U.S. Pat. No. 5,696,166 (Yanni et al.) discloses compositions containing naturally occurring HETEs, or derivatives thereof, and methods of use for treating dry eye. Yanni et al. discovered that compositions comprising HETEs increase ocular mucin secretion when administered to a patient and are thus useful in treating dry eye.
It is known that under certain conditions 15-HETE can be converted by activated leukocytes to Lipoxin A4 (Serhan, C.N., Bioch. Biophys. Acta, volume 1004, page 158 (1989); Serhan, C. N., et al., J. Biol. Chem., volume 261, page 16340 (1986)). It has also been discovered that aspirin treatment of activated leukocytes induces the biosynthesis of 15-epi-Lipoxin A4 from arachidonic acid via the intermediacy of 15R-HETE (Serhan, N. et al., J. Pharmacol. Exp. Ther., volume 287, page 779 (1998), and Serhan, N. et al., Clin. Chem. Lab. Med., volume 37, page 299, (1999)), and that inflammatory processes may contribute to ocular surface abnormalities in dry eye conditions. Stem ME, et al., A unified theory of the role of the ocular surface in dry eye, In: Sullivan et al., eds.
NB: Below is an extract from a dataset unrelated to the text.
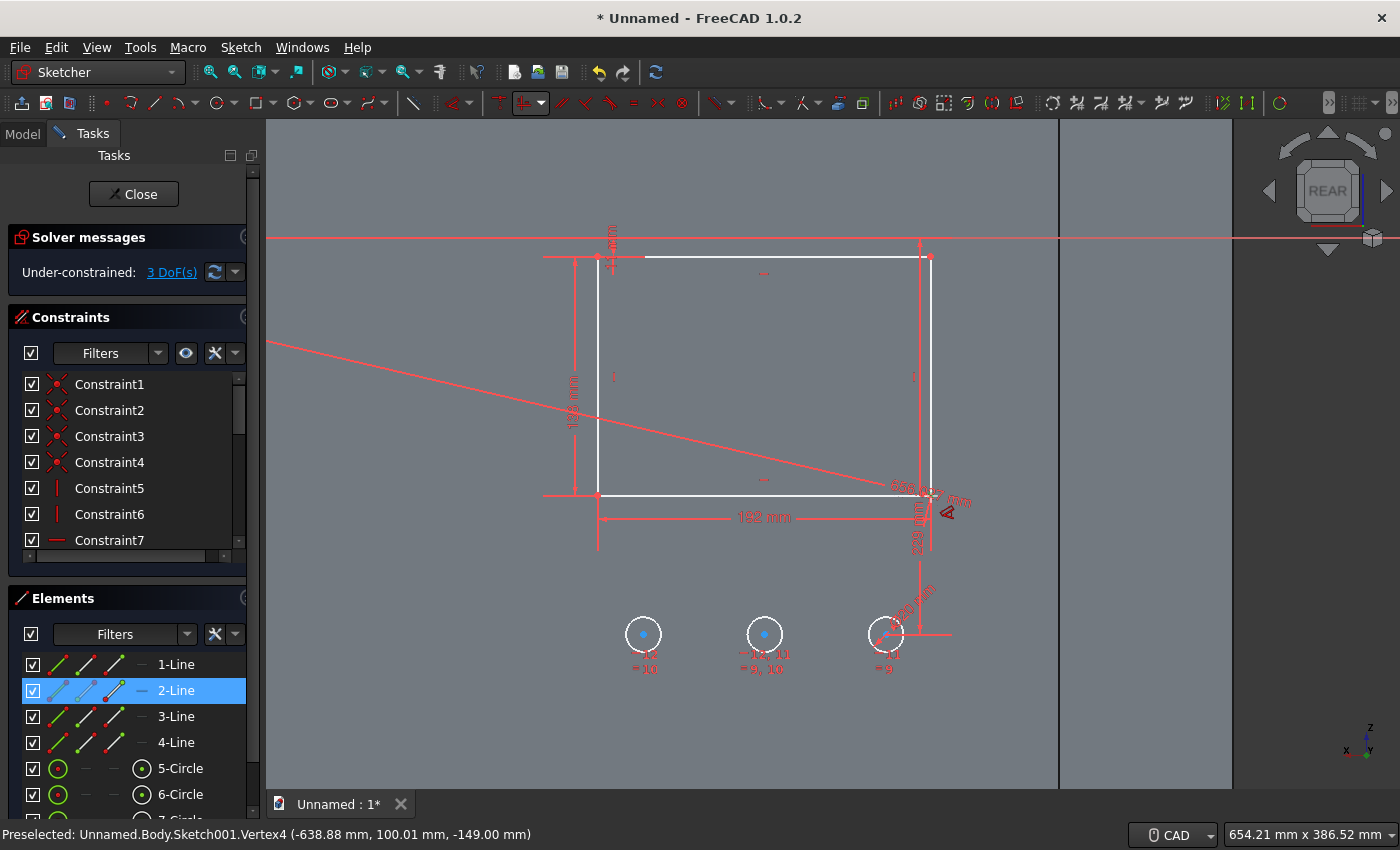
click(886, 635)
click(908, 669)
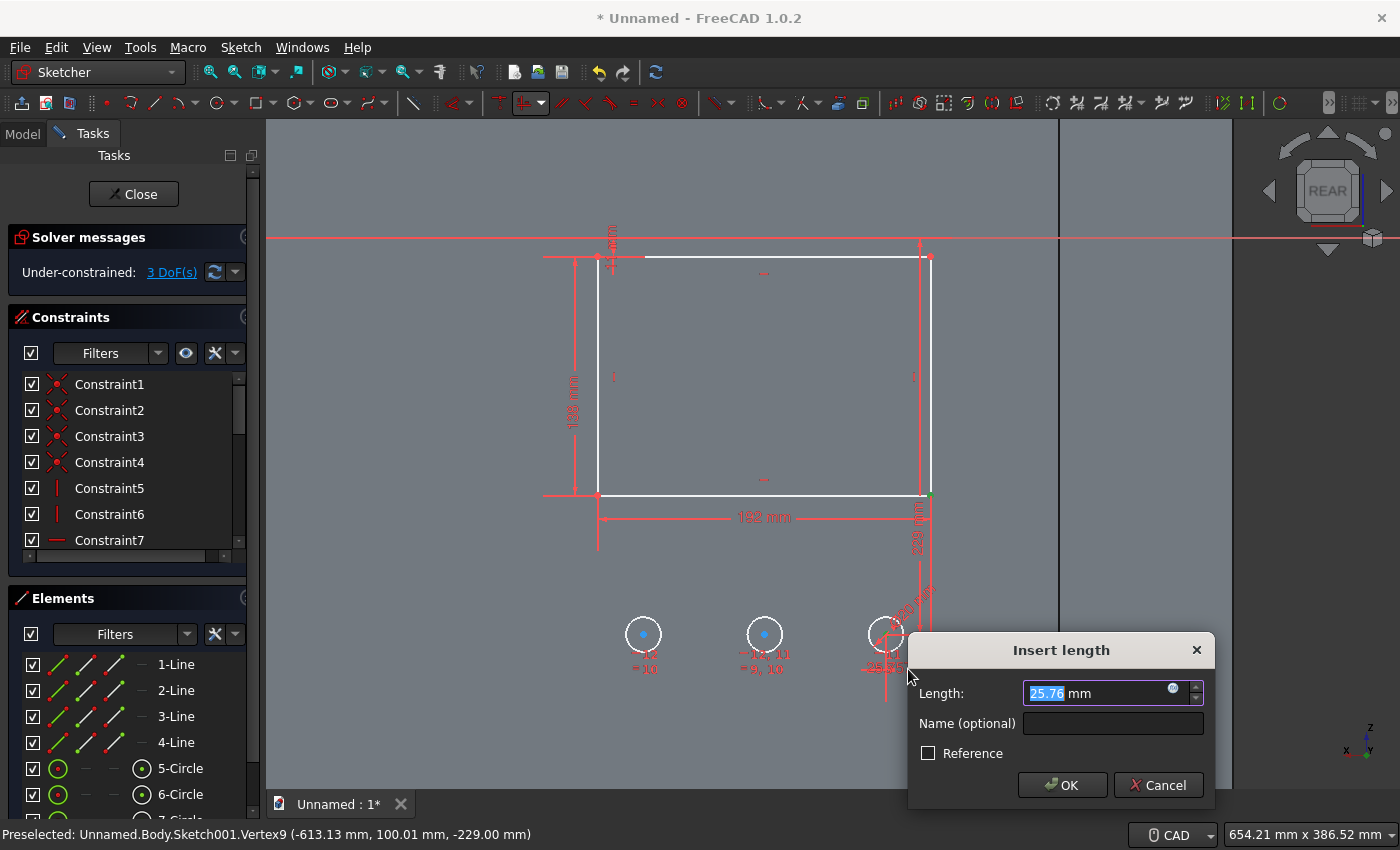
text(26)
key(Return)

Lacrimal Gland, Tear Film, and Dry Eye Syndromes 2, New York, Plenum, 1998, pp. 643-651. Expression of proinflammatory cytokines in tears (Pflugfelder SC, et al., Altered cytokine balance in the tear fluid and conjunctiva of patients with Sjogren ""s syndrome keratoconjunctivitis sicca, Curr. Eye Res. 19(3):201-211 (1999)), and of markers of inflammation on the ocular surface of patients with Sj6gren""s and non-Sjogren""s keratoconjunctivitis sicca has been reported (Baudouin C, et al., Flow cytometry in Impression Cytology Specimens: A new method for evaluation of conjunctival inflammation. Invest Ophthalmol. Vis. Sci. 38:1458-1464 (1997)), and anti-inflammatory steroids have demonstrated therapeutic efficacy in dry eye patients (Marsh P and Pflugfelder SC, Topical nonpreserved methylprednisolone therapy for keratoconjunctivitis sicca in Sjogren""s syndrome, Ophthalmology, 106:811-816 (1999)). Nothing in the foregoing references, however, discloses or suggests an anti-inflammatory contribution by Lipoxin A4 to the preservation of corneal integrity in the dry eye model.
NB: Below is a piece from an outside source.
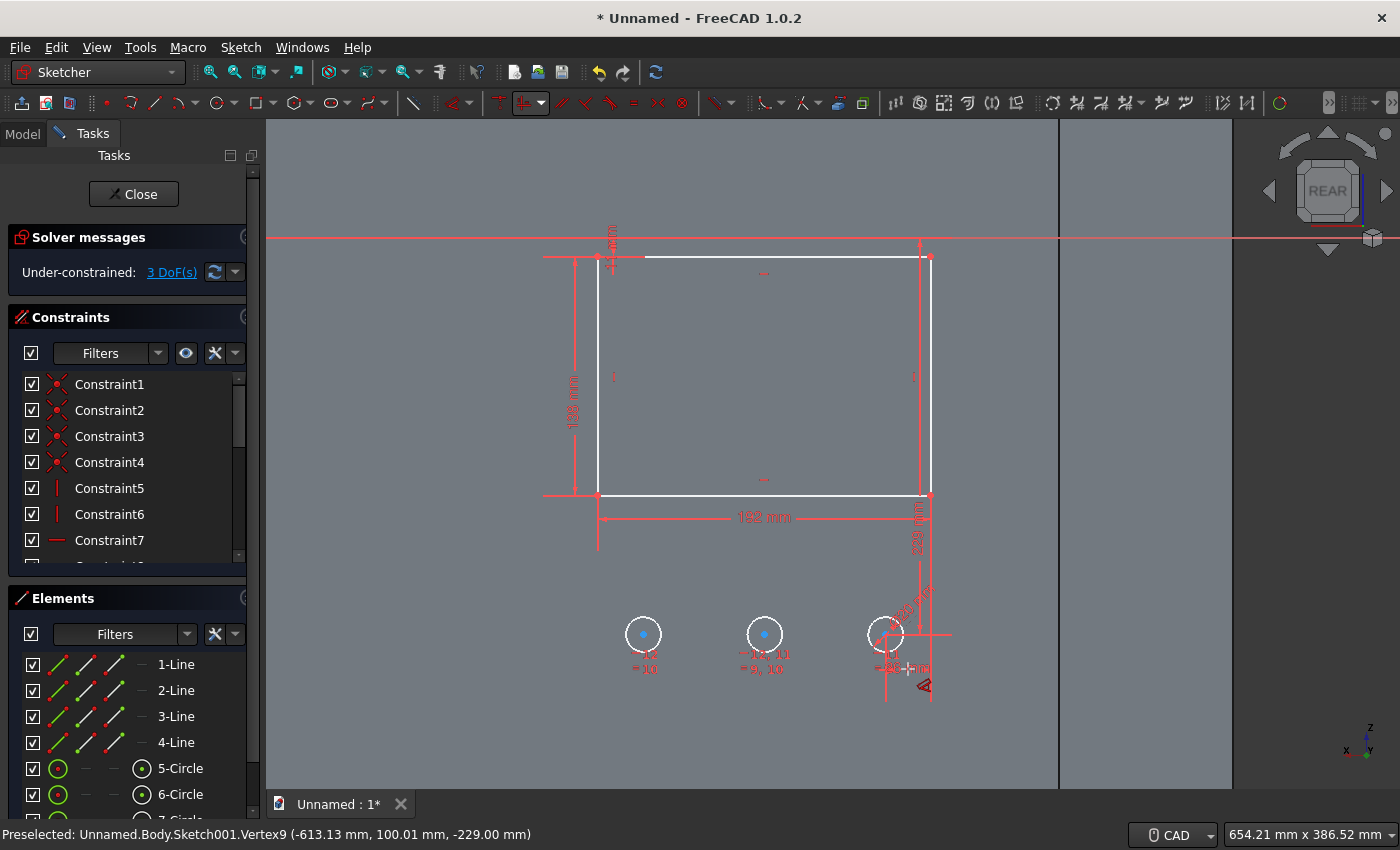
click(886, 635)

In view of the foregoing, there is a need for an effective, convenient treatment for dry eye that is capable of alleviating symptoms, as well as treating the underlying physical and physiological deficiencies of dry eye.
The present invention is directed to compositions and methods of use. The compounds are particularly useful in the treatment of dry eye-type diseases and disorders requiring the wetting of the eye. More specifically, the present invention discloses the use of Lipoxin A4 and its analogs, the preferred compositions of which are typically administered topically to the eye for the treatment of dry eye.